Extracted data entries:
..........

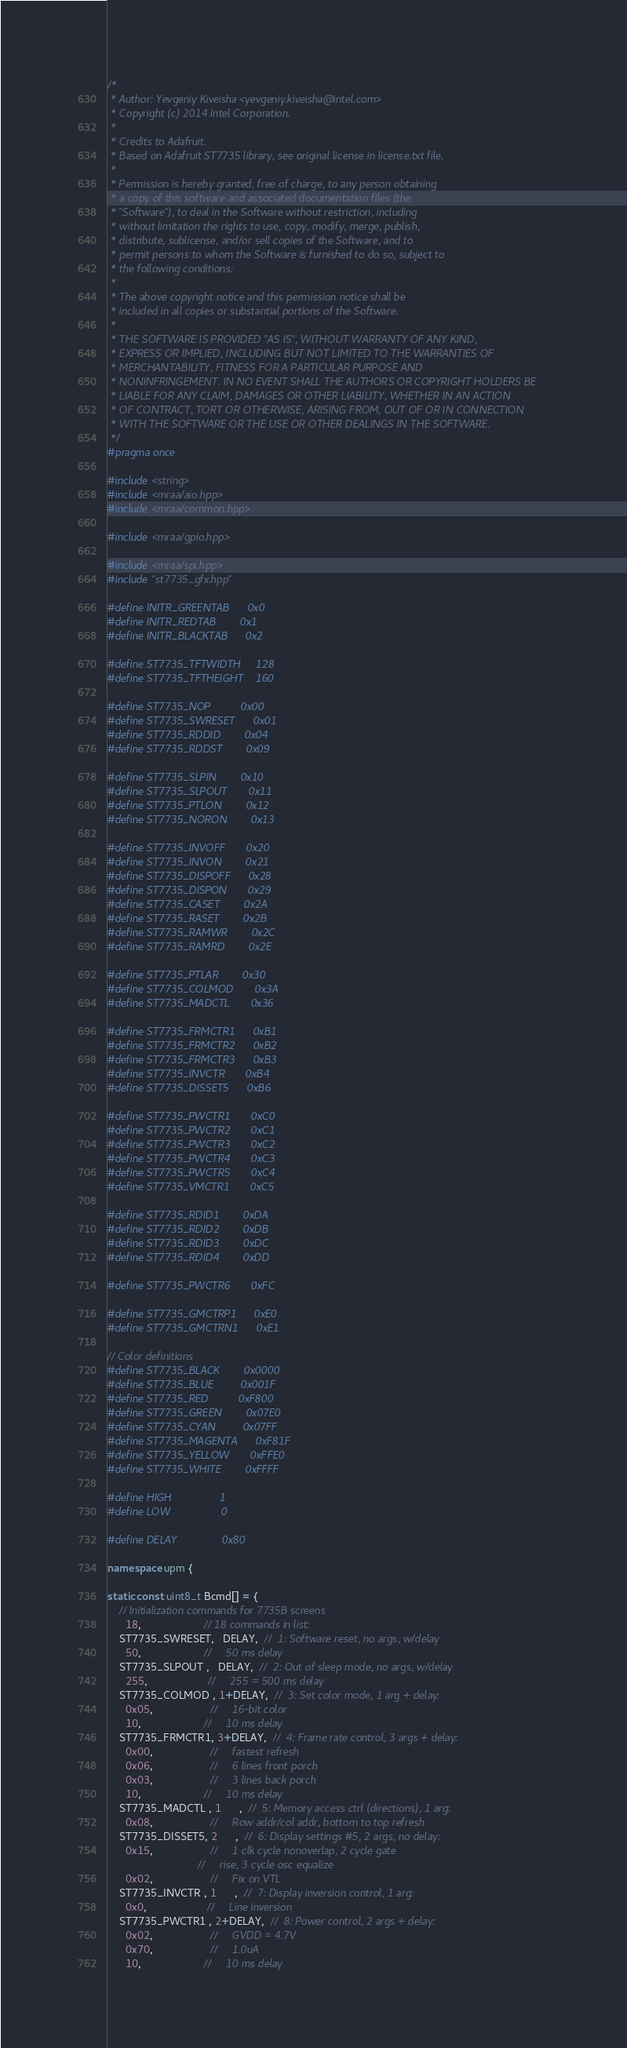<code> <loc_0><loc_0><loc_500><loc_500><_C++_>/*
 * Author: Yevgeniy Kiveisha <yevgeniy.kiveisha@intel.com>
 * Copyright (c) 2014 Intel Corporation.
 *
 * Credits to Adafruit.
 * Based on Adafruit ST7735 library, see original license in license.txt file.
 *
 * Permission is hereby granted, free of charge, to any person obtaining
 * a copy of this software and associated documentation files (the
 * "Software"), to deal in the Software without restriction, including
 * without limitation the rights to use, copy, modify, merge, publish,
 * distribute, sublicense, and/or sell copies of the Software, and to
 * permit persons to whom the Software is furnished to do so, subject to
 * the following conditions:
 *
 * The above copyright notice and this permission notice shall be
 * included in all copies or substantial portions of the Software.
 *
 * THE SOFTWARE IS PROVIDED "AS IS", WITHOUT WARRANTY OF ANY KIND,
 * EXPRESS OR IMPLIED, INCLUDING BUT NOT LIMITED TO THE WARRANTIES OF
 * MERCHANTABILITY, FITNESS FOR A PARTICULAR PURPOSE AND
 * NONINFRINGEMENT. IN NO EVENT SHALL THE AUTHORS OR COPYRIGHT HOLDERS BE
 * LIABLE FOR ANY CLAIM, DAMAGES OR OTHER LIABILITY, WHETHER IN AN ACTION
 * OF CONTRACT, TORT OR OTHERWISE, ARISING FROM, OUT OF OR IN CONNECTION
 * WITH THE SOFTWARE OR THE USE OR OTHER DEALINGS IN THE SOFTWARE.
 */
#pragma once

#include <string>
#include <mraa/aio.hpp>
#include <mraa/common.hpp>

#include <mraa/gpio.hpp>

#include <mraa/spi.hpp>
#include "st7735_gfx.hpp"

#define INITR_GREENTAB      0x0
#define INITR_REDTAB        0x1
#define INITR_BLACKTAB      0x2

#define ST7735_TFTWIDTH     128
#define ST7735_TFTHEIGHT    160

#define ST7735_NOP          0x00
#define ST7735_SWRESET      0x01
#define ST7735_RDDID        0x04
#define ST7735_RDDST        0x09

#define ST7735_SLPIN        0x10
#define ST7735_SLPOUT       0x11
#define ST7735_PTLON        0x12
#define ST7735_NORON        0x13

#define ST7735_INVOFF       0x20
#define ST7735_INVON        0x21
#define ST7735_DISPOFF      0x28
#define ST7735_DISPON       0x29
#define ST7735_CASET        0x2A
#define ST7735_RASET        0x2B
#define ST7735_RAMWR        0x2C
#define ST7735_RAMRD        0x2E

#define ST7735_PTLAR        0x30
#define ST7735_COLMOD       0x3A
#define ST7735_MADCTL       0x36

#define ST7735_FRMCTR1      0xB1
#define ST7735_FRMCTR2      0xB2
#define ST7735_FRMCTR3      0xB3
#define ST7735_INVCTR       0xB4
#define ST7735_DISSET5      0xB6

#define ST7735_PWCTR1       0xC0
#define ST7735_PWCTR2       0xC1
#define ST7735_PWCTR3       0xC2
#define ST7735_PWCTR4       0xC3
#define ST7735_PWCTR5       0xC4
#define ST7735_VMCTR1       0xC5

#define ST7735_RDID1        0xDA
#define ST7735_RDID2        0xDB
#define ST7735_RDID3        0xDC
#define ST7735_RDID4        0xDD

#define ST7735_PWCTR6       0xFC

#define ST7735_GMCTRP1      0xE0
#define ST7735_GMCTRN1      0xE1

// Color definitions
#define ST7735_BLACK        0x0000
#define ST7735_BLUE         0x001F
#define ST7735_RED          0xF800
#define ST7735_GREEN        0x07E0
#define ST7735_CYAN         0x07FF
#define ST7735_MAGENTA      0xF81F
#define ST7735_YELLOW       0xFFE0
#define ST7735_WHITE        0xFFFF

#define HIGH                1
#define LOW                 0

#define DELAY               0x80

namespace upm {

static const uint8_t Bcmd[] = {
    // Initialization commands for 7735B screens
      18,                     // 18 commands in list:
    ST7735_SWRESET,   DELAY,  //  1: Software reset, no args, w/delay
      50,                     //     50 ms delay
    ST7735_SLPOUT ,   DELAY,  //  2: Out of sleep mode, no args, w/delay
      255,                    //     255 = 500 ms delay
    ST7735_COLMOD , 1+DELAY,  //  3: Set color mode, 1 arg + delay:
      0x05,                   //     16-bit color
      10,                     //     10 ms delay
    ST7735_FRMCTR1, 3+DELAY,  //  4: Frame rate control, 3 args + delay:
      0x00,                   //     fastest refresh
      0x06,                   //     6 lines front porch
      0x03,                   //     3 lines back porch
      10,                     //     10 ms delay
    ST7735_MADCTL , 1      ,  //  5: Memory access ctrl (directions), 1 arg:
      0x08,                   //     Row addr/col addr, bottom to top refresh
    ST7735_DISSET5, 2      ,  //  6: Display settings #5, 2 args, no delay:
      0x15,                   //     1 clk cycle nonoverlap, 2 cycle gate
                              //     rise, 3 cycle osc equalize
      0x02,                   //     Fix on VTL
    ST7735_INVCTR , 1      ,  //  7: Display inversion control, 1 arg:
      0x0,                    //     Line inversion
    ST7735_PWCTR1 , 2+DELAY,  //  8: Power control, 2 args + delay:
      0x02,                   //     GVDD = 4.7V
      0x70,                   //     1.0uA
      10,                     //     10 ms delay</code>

..........

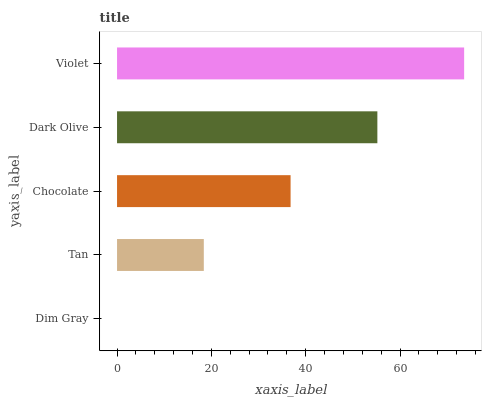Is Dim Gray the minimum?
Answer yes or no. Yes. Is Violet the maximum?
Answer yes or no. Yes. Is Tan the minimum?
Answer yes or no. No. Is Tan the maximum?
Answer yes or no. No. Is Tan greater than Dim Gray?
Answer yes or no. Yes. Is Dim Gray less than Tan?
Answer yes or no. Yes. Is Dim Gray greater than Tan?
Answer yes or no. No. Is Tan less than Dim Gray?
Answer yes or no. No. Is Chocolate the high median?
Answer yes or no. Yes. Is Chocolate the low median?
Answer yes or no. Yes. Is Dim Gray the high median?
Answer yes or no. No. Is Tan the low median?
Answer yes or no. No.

..........

- Task goal -
Read the entries and show each line that mentions "median".

- Solution to this problem -
Answer yes or no. No. Is Chocolate the high median?
Answer yes or no. Yes. Is Chocolate the low median?
Answer yes or no. Yes. Is Dim Gray the high median?
Answer yes or no. No. Is Tan the low median?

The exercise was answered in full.